WORK REQUIRED: For the listing below, return the line containing "Rendered at 1275 by 1650 pixels.", the line containing "list Given the", and all lines in between, exactly as written and nothing else.
☆ ☆ ☆ ☆ ☆
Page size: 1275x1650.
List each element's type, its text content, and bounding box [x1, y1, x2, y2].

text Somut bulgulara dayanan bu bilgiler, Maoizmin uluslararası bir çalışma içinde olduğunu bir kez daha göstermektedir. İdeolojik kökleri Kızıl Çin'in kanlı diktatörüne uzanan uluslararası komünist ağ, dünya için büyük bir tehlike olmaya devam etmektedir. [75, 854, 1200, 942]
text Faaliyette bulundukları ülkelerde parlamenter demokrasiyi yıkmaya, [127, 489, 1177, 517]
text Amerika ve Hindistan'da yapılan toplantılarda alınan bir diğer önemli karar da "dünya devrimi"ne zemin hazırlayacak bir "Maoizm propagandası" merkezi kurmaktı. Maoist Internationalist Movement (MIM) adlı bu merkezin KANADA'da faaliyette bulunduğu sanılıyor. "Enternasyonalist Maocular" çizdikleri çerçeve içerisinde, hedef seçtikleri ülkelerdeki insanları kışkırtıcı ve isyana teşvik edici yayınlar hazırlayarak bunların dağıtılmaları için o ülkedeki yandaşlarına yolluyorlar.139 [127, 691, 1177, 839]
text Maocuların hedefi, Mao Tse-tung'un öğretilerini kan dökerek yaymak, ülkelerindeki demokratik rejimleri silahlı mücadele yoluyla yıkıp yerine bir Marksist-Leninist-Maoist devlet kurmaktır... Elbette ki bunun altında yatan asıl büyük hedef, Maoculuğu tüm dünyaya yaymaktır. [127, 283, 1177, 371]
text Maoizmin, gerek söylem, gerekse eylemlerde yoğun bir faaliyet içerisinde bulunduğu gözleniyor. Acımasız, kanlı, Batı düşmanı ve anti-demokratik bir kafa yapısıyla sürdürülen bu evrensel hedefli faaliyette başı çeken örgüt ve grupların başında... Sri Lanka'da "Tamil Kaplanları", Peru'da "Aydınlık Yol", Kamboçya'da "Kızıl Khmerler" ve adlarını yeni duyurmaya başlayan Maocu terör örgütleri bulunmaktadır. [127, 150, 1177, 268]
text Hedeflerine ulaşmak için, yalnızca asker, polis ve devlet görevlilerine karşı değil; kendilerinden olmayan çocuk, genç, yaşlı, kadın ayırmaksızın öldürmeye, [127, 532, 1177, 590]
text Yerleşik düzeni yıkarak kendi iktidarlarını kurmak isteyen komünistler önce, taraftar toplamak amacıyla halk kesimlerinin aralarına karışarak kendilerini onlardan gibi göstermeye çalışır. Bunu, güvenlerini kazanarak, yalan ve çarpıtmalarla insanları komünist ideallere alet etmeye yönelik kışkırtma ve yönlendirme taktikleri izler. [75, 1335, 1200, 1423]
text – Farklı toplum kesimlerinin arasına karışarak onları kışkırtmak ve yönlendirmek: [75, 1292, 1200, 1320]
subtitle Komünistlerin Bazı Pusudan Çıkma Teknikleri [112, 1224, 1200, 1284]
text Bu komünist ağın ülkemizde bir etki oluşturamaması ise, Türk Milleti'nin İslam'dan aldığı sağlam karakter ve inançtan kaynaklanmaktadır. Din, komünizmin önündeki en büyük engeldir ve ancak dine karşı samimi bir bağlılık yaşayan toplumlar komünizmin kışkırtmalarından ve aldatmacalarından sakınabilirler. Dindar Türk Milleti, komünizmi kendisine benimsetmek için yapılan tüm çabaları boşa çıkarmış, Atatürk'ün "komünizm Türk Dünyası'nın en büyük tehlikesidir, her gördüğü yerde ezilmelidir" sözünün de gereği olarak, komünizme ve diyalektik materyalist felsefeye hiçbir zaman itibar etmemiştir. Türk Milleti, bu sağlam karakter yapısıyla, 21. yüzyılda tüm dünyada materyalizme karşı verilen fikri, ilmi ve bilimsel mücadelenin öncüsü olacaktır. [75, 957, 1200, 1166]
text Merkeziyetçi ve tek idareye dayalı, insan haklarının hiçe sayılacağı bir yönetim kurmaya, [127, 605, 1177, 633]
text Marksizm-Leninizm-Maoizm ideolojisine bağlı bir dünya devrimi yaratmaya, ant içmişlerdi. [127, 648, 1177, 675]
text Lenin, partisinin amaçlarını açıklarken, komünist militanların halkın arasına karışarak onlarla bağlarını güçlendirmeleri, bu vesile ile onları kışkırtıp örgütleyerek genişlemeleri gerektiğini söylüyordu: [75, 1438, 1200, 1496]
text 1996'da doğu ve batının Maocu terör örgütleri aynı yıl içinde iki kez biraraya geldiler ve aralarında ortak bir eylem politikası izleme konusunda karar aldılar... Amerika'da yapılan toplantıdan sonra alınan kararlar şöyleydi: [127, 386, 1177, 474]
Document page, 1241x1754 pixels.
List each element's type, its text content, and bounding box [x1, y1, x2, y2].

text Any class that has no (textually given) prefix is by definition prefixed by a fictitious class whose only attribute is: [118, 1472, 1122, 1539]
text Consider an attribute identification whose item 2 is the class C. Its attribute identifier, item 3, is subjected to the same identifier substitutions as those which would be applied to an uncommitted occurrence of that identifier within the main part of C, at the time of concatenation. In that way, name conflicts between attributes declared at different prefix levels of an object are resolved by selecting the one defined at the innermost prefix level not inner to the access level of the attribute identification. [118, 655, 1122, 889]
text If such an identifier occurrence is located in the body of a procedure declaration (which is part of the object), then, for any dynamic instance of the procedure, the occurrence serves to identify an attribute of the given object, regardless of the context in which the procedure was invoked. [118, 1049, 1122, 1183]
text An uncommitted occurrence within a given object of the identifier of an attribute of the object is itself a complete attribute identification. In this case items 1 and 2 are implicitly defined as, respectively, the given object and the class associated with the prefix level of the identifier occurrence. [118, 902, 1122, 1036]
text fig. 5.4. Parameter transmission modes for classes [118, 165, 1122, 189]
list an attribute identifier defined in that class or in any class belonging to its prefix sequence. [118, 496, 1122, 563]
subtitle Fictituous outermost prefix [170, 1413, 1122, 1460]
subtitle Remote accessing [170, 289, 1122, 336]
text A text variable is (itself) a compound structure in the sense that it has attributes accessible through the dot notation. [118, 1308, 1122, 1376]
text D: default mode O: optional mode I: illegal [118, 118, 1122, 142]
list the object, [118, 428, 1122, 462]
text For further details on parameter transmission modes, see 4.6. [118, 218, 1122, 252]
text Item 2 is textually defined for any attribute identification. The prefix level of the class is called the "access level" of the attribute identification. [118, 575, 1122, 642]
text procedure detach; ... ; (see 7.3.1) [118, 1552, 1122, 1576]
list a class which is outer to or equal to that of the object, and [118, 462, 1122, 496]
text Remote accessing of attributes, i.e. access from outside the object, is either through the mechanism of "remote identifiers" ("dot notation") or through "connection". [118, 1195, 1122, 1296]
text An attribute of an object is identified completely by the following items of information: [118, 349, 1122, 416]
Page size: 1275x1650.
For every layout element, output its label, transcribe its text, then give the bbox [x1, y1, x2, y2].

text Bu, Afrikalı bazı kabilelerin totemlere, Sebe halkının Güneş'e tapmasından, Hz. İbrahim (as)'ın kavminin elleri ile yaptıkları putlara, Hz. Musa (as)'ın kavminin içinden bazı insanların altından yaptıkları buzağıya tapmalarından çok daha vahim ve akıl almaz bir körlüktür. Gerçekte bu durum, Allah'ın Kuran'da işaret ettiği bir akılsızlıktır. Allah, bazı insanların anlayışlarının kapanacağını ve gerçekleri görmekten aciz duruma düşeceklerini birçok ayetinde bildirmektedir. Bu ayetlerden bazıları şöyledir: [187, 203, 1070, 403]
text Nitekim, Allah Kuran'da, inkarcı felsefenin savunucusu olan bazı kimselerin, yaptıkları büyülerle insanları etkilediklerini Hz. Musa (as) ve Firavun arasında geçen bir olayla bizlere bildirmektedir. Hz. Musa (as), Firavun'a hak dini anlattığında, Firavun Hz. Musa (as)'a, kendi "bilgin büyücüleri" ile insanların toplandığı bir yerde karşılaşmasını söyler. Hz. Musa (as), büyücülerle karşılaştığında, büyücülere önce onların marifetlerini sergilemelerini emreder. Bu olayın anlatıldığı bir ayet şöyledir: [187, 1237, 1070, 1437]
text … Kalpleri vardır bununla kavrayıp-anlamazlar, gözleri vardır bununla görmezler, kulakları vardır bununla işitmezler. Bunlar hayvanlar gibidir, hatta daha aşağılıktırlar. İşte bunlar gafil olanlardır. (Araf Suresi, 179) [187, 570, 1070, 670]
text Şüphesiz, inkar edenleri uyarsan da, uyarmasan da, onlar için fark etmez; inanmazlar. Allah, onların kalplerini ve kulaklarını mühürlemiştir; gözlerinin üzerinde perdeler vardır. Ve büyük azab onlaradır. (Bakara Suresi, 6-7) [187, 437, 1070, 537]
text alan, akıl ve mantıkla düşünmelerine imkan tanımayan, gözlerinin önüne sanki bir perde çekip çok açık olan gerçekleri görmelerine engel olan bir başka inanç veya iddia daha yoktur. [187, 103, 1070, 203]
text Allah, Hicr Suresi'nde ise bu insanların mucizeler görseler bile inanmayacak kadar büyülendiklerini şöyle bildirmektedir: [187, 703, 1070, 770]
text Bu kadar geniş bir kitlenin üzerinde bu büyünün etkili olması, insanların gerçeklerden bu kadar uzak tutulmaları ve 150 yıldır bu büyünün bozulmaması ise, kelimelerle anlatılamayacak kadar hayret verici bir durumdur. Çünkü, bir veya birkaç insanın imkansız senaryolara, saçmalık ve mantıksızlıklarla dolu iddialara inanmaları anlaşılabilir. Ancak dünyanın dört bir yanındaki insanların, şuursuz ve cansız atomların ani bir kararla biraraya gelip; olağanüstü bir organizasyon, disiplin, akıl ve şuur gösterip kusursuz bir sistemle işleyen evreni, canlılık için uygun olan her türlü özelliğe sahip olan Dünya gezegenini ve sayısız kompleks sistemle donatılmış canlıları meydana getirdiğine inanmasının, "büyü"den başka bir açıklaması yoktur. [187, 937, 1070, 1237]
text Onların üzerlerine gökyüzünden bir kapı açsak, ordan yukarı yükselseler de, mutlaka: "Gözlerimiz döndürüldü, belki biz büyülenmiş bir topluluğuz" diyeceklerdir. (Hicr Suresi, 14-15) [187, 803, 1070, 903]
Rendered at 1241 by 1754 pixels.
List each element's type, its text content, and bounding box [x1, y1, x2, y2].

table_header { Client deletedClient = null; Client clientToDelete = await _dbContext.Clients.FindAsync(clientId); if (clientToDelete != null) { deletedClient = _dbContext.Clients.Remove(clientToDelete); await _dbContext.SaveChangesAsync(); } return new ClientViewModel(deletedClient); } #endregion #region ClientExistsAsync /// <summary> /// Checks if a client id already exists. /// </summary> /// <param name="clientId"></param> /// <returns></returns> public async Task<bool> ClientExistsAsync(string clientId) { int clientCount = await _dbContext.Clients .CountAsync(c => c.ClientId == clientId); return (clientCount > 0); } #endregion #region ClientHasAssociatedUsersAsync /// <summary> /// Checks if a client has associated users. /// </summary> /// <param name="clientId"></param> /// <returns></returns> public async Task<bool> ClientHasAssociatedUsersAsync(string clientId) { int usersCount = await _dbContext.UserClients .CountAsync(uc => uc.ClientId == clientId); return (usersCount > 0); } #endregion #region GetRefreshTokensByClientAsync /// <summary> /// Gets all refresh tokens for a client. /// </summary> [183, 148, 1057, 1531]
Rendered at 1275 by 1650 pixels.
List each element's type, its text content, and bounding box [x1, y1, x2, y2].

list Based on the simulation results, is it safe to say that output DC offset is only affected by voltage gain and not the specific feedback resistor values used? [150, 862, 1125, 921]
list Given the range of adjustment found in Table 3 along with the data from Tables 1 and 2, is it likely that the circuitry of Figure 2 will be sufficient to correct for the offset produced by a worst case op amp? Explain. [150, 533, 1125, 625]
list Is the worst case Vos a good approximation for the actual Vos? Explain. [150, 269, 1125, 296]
☆ ☆ ☆ ☆ ☆
TASK RESPONSE:
Rendered at 1275 by 1650 pixels.
List each element's type, its text content, and bounding box [x1, y1, x2, y2].

list Based on the simulation results, is it safe to say that output DC offset is only affected by voltage gain and not the specific feedback resistor values used? [150, 862, 1125, 921]
list Given the range of adjustment found in Table 3 along with the data from Tables 1 and 2, is it likely that the circuitry of Figure 2 will be sufficient to correct for the offset produced by a worst case op amp? Explain. [150, 533, 1125, 625]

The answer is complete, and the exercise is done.